Palmowski Yannick, Bürger Justus, Kienzle Arne, Trampuz Andrej

机构信息

Charité-Universitätsmedizin Berlin, Corporate Member of Freie Universität Berlin, Humboldt-Universität zu Berlin, and Berlin Institute of Health, Center for Musculoskeletal Surgery, Berlin, Germany.

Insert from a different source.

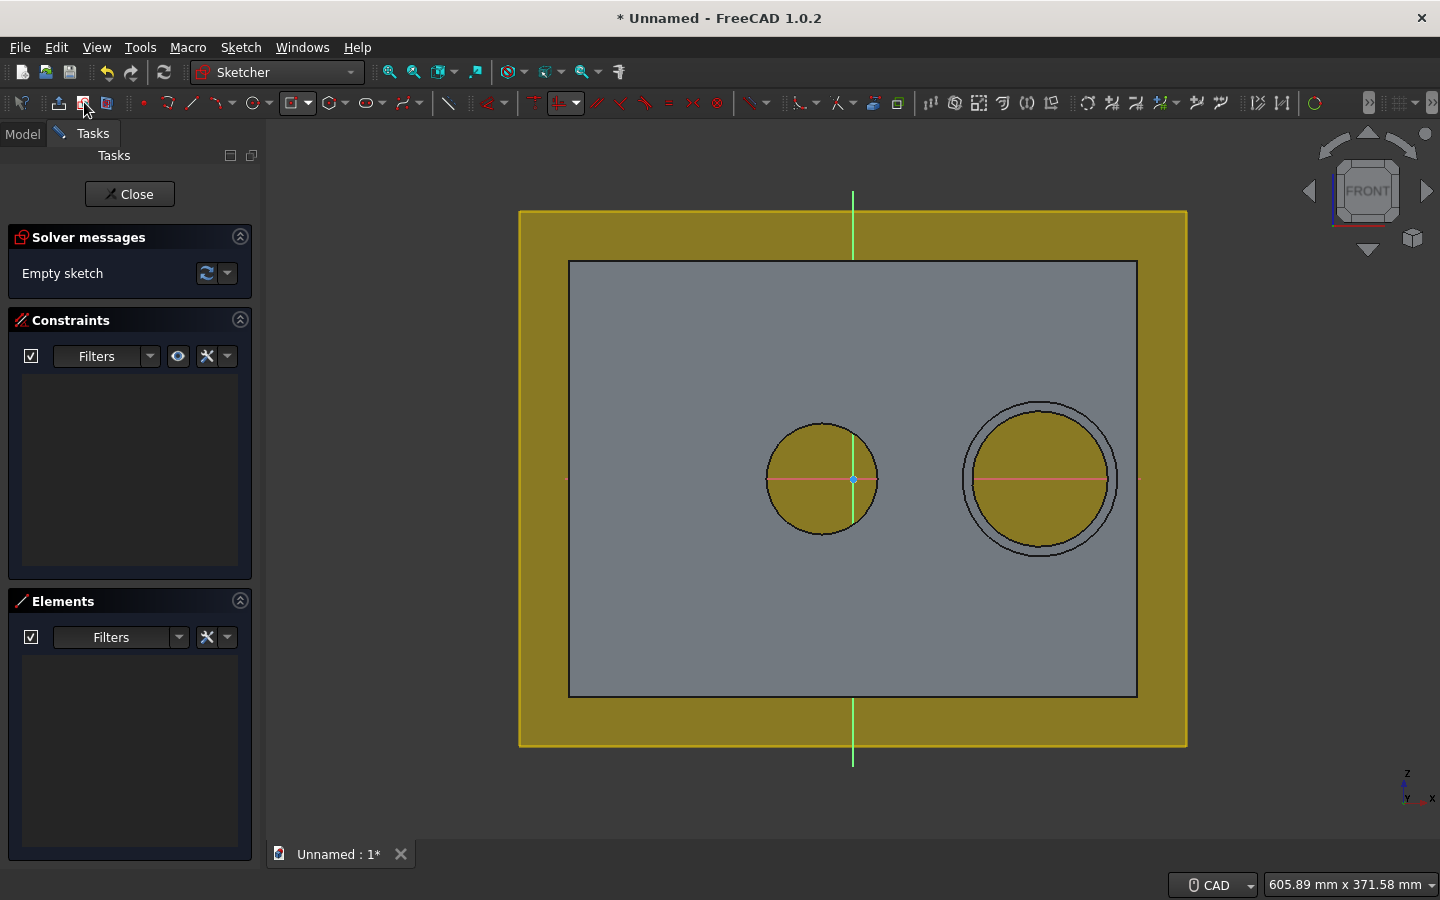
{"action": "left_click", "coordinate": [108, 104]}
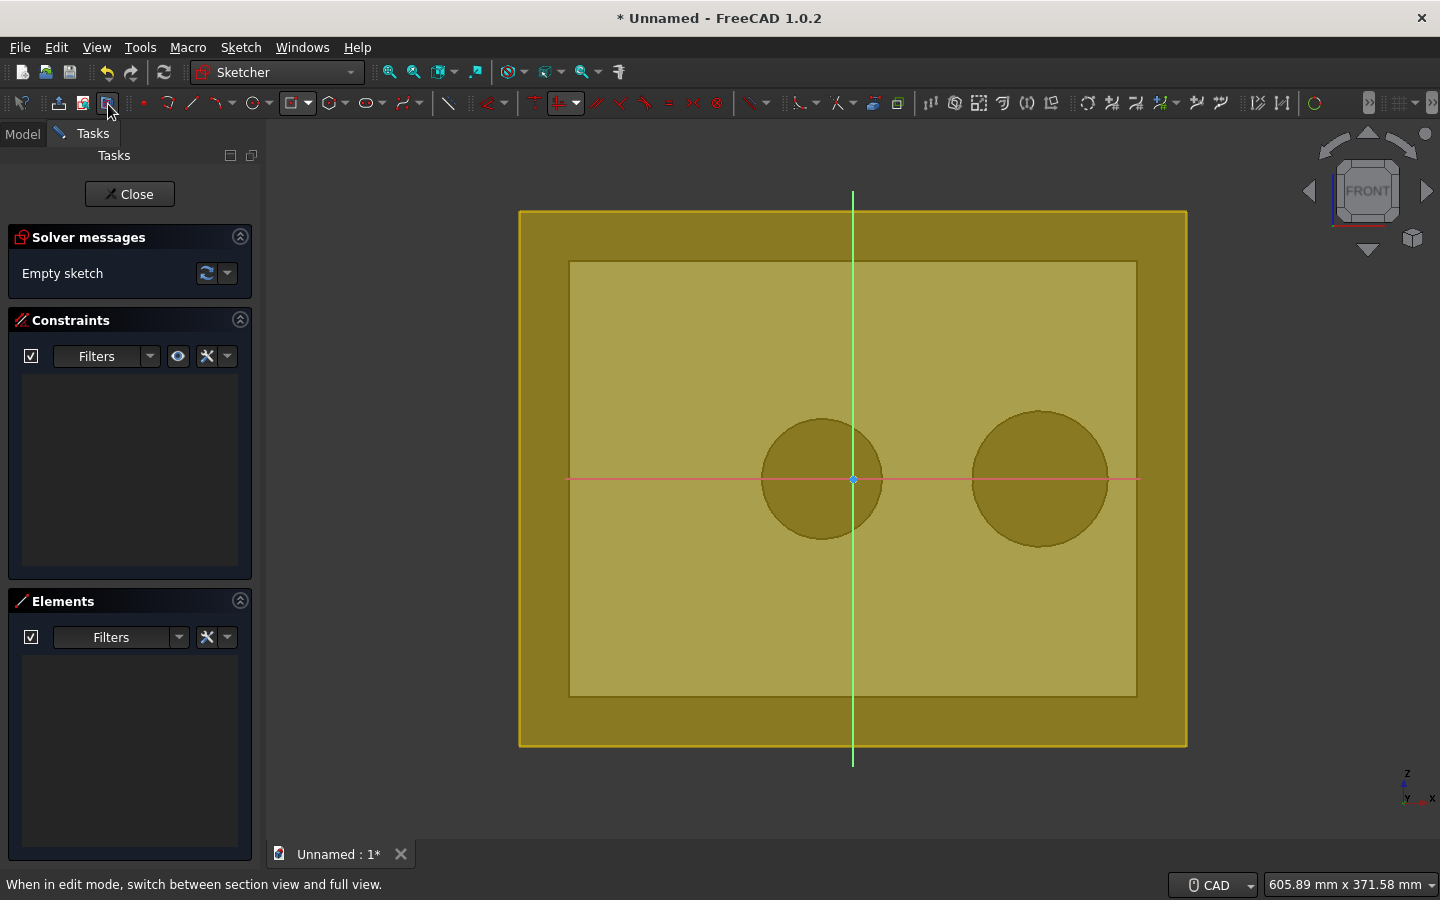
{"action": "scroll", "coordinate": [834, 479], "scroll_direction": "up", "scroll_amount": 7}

Laboratory of Adaptive and Regenerative Biology, Brigham & Women's Hospital, Harvard Medical School, Boston, MA, USA.

出版信息

J Spine Surg. 2020 Dec;6(4):785-792. doi: 10.21037/jss-20-456.

Abstract

Postoperative spinal implant infection (PSII) is a serious complication after spinal surgery. It is associated with increased morbidity and mortality for affected patients as well as significant costs for the healthcare system. Due to the formation of biofilm on foreign material, both diagnosis and treatment of PSII can pose a considerable challenge. Modern treatment protocols allow efficient eradication and good clinical outcomes in the majority of patients. In this article, we review the current antibiotic treatment concepts for PSII including the correct choice of antibiotics and their combination. In cases of late-onset PSII where the implants can be removed, two weeks of intravenous (IV) antibiotics followed by 4 weeks of oral antibiotics seem appropriate. If the implant needs to be retained, a 2-week IV antibiotic treatment should be followed by 10 weeks of oral antibiotic therapy with biofilm activity or, in case of problematic pathogens, a long-term suppression therapy. Initial empiric antibiotic therapy should cover staphylococci, streptococci, enterococci and Gram-negative bacilli as the most common pathogens. Antibiotic adjustments according to the type of pathogen and its antimicrobial susceptibility are essential for successful eradication of infection.

摘要

术后脊柱植入物感染(PSII)是脊柱手术后的一种严重并发症。它会增加受影响患者的发病率和死亡率,同时给医疗系统带来巨大成本。由于异物上会形成生物膜,PSII的诊断和治疗都可能构成相当大的挑战。现代治疗方案能使大多数患者实现有效根除感染并取得良好的临床效果。在本文中,我们回顾了当前针对PSII的抗生素治疗理念,包括抗生素的正确选择及其联合使用。对于植入物可移除的迟发性PSII病例,静脉注射(IV)抗生素治疗两周后再口服抗生素治疗四周似乎是合适的。如果需要保留植入物,应在静脉注射抗生素治疗两周后,采用具有生物膜活性的口服抗生素治疗十周,或者在病原体有问题的情况下,进行长期抑制治疗。初始经验性抗生素治疗应覆盖葡萄球菌、链球菌、肠球菌和革兰氏阴性杆菌等最常见的病原体。根据病原体类型及其抗菌药敏情况调整抗生素对于成功根除感染至关重要。